Moreover, Shafer noted that his team flagged the first Tea Party application due to it appearing to be “a high-profile case, and he wanted to make sure all high-profile cases received similar attention.”

More from The Huffington Post:

What I’m talking here is that if we end up with four applications coming into the group that are pretty similar, and we assign them to four different agents, we don’t want four different determinations, he said. It’s just not good business. It’s not good customer service.

Asked plainly, ‘Do you have any reason to believe that anyone in the White House was involved in the decision to screen Tea Party cases?” Shafer replied, “I have no reason to believe that.”

‘Do you have any reason to believe that anyone in the White House was involved in the decisions to centralize the review of Tea Party cases?’ he was asked. I have no reason to believe that, he replied.

Asked if he had ‘ever communicated with [then IRS] Commissioner Shulman about the screening of Tea Party cases?’ He replied, ‘I have not.’

Interviewers also asked Shafer if he told his screeners to specifically pull Tea Party cases. ‘Again, I was not asking them for those kind of cases,’ he said. ‘[I]f I would have directed them to pull our Tea Party cases, little Susie’s Tea Party would have been pulled and it wasn’t.’

This is the part where one goes, “Boom, in yo’ face!” or “You tried it!”

Your response may be generational, but we can all agree here that Issa kept this dragging along without any proof of wrongdoing on the White House’s end. It also goes to show that Issa should never try to test Cummings again.

In a letter written to Issa, Cummings wrote:

Despite your multiple reversals on this issue, there appears to be one constant in your approach: you have not shared one word from the interview transcript of the IRS Screening Group Manager in Cincinnati who provided the most relevant information about how this process began.

Not to be outdone, the congressman and Civil Rights pioneer added, “I do not believe this approach is a responsible, fair, or legitimate way to conduct the Committee’s investigation.” Cummings even told Issa that “you have not provided any compelling or consistent rationale for continuing to conceal this information from Members of Congress or the American public.”
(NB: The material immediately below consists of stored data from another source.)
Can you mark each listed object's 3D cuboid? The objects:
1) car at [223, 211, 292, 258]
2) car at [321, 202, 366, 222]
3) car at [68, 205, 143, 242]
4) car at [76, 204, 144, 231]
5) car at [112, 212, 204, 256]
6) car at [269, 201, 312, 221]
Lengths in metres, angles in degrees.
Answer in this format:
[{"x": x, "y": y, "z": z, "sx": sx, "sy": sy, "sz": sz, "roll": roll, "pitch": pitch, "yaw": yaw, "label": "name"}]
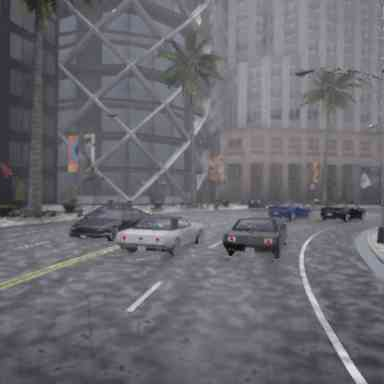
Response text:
[{"x": 2.658, "y": 1.614, "z": 12.996, "sx": 1.895, "sy": 1.301, "sz": 4.718, "roll": 0, "pitch": 0, "yaw": 20, "label": "car"}, {"x": 12.368, "y": 1.560, "z": 27.076, "sx": 5.008, "sy": 1.535, "sz": 1.882, "roll": 0, "pitch": 0, "yaw": -41, "label": "car"}, {"x": -3.651, "y": 1.510, "z": 16.625, "sx": 2.033, "sy": 1.411, "sz": 5.357, "roll": 0, "pitch": 0, "yaw": 22, "label": "car"}, {"x": -5.126, "y": 1.512, "z": 21.355, "sx": 1.994, "sy": 1.385, "sz": 4.181, "roll": 0, "pitch": 0, "yaw": 27, "label": "car"}, {"x": -0.969, "y": 1.586, "z": 13.147, "sx": 1.895, "sy": 1.301, "sz": 4.718, "roll": 0, "pitch": 0, "yaw": 18, "label": "car"}, {"x": 8.419, "y": 1.528, "z": 28.187, "sx": 1.882, "sy": 1.535, "sz": 5.008, "roll": 0, "pitch": 0, "yaw": 45, "label": "car"}]

It’s because of Issa and a media that refuses to correct politicians they know are yapping without reason and facts for the sake of ratings that 47 percent of Americans believe that the White House had something to do with the IRS targeting Tea Party-affiliated groups as revealed in a new poll.

Hopefully, Cummings toppling Issa’s argument with you know, the full story, might finally put the fatal in this fallacious narrative.

Nevertheless, it should never have gotten this far. The Darrell Issas of the world will always be fishing for a headline and booked for a Sunday morning talk show appearance.

So be it.

But must we take the bait every single time?